From the entries below, transcribe exactly the lines between the line holding "0.95. What is" and the line holding "US) in Mali?", inclusive; skip all other lines.

• EXERCISE DATA:
■ ■ ■ ■ ■ ■ ■
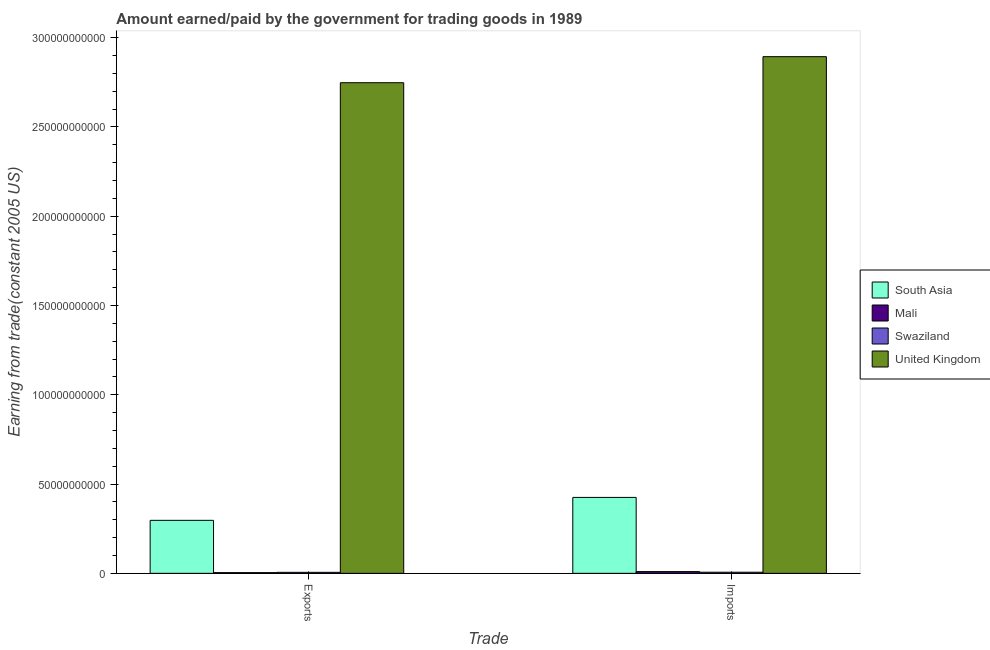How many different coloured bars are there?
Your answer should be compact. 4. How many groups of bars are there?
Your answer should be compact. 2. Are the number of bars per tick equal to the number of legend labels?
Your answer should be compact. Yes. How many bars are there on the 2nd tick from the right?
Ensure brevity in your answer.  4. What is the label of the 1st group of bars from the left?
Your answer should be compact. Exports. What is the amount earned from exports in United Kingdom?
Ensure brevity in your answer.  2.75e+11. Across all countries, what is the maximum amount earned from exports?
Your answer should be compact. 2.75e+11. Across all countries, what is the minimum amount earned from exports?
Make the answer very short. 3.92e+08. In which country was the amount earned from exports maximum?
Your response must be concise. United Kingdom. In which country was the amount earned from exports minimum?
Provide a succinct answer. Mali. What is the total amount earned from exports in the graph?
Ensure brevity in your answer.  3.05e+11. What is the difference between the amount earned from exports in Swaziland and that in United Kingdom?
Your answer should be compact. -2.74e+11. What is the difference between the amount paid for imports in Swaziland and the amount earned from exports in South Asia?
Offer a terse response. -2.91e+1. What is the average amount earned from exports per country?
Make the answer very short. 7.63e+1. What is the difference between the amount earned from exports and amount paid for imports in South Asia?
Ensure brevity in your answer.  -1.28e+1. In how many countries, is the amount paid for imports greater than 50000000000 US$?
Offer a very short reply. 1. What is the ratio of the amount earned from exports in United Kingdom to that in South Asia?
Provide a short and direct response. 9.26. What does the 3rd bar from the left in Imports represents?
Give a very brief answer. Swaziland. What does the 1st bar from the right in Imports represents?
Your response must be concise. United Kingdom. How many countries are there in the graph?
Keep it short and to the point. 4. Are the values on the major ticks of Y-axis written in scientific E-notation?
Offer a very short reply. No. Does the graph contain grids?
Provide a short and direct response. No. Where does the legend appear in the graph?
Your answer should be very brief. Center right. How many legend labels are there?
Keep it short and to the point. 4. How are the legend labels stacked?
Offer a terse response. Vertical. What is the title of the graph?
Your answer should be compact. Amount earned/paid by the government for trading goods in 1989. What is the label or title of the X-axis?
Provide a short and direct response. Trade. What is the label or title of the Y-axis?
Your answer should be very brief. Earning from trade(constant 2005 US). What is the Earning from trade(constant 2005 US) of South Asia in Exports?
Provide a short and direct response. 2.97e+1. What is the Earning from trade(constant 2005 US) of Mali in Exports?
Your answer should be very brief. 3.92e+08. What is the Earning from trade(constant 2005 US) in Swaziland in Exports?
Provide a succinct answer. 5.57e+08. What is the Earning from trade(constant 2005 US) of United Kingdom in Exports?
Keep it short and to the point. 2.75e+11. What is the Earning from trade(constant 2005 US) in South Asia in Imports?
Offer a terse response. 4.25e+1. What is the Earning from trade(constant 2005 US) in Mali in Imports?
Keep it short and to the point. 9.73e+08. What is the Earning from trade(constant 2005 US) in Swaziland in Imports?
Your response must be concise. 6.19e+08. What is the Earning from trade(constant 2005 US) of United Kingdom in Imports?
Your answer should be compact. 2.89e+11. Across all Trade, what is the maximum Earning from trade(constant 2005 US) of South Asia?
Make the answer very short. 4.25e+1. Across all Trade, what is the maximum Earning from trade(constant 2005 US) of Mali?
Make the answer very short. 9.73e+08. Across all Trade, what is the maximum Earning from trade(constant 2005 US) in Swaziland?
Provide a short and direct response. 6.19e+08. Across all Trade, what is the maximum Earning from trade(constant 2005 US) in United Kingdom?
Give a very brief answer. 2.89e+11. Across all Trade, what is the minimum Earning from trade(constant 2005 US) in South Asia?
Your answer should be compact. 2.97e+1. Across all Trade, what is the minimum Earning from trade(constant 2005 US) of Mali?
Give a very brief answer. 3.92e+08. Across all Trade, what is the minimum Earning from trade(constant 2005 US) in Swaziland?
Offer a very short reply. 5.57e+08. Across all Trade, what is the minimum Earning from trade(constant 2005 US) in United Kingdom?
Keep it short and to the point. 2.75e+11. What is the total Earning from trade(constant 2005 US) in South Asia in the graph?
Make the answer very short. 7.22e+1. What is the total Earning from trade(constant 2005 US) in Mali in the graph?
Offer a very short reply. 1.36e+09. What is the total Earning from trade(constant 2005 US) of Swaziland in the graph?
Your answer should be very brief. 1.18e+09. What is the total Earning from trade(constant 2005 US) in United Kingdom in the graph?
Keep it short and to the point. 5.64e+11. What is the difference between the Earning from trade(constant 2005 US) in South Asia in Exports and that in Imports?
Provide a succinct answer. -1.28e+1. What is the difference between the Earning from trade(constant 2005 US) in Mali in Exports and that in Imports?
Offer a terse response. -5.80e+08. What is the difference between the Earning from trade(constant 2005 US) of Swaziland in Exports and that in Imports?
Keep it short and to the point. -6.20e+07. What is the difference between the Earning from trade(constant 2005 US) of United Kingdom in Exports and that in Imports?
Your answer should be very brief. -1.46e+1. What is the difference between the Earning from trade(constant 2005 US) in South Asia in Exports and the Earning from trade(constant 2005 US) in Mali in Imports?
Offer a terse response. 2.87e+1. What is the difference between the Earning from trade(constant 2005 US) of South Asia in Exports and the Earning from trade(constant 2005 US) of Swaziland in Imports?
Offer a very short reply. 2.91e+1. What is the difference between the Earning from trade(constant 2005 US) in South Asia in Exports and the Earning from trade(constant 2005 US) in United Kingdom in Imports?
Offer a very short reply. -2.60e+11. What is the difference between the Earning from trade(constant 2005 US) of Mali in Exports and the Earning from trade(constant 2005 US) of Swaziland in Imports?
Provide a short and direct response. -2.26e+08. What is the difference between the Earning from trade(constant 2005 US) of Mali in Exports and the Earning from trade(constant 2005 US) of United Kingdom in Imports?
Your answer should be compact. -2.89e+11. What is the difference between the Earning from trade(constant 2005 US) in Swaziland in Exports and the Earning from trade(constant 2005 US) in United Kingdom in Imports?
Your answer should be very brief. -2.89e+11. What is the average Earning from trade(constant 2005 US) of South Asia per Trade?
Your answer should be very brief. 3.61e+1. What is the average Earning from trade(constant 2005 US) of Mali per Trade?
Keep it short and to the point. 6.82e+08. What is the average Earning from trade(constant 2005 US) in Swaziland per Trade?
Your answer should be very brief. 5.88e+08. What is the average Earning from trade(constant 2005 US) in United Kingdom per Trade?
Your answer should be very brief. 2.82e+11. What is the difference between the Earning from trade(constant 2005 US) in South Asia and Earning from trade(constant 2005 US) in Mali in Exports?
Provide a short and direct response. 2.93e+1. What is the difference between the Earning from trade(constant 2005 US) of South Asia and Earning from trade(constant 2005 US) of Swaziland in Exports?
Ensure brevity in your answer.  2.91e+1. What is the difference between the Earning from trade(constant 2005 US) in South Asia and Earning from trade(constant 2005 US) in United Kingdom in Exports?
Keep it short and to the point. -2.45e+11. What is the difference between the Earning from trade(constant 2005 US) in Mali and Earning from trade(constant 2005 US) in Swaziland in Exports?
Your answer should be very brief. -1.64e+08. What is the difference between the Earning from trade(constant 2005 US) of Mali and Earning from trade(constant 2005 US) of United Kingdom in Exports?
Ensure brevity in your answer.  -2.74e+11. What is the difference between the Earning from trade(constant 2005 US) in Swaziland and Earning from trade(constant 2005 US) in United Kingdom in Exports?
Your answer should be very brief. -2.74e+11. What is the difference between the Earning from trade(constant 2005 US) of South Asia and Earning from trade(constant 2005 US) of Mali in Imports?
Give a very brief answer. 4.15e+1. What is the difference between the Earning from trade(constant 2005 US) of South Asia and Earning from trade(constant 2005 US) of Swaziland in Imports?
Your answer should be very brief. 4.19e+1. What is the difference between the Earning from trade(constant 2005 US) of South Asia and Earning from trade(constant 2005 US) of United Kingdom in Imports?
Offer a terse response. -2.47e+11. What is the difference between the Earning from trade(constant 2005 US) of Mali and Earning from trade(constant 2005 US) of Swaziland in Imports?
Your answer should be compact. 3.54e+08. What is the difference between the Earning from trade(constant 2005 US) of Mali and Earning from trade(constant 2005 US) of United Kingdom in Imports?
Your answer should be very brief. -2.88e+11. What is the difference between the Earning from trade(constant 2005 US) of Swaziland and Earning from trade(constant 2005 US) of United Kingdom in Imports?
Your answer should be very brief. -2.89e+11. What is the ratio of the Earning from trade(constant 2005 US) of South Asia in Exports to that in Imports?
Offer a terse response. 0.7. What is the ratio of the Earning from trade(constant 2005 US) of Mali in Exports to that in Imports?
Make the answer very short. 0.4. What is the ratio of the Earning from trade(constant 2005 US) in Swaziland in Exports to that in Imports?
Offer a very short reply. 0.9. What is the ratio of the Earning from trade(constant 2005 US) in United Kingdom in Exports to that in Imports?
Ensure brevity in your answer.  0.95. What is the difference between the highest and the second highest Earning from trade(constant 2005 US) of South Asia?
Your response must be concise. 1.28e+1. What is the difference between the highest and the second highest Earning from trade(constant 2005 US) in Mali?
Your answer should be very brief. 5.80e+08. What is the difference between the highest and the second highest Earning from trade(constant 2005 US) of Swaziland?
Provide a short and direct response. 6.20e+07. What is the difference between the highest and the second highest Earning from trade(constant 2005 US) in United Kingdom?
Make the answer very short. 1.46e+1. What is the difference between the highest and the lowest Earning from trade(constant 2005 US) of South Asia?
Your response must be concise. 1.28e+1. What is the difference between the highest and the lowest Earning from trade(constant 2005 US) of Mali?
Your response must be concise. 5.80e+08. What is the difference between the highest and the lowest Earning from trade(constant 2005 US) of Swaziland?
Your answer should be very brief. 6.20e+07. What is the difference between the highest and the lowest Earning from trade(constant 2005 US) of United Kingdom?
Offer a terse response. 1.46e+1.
■ ■ ■ ■ ■ ■ ■
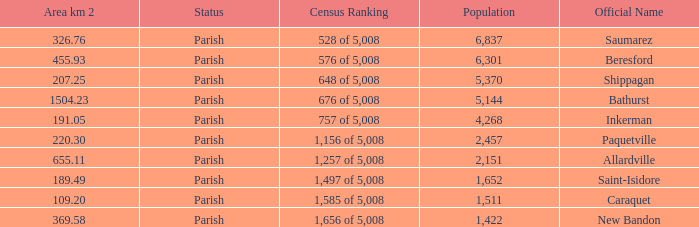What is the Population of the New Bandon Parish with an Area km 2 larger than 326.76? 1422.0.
■ ■ ■ ■ ■ ■ ■
• WRITTEN REPLY:
Ensure brevity in your answer.  0.95. What is the difference between the highest and the second highest Earning from trade(constant 2005 US) of South Asia?
Your response must be concise. 1.28e+1. What is the difference between the highest and the second highest Earning from trade(constant 2005 US) in Mali?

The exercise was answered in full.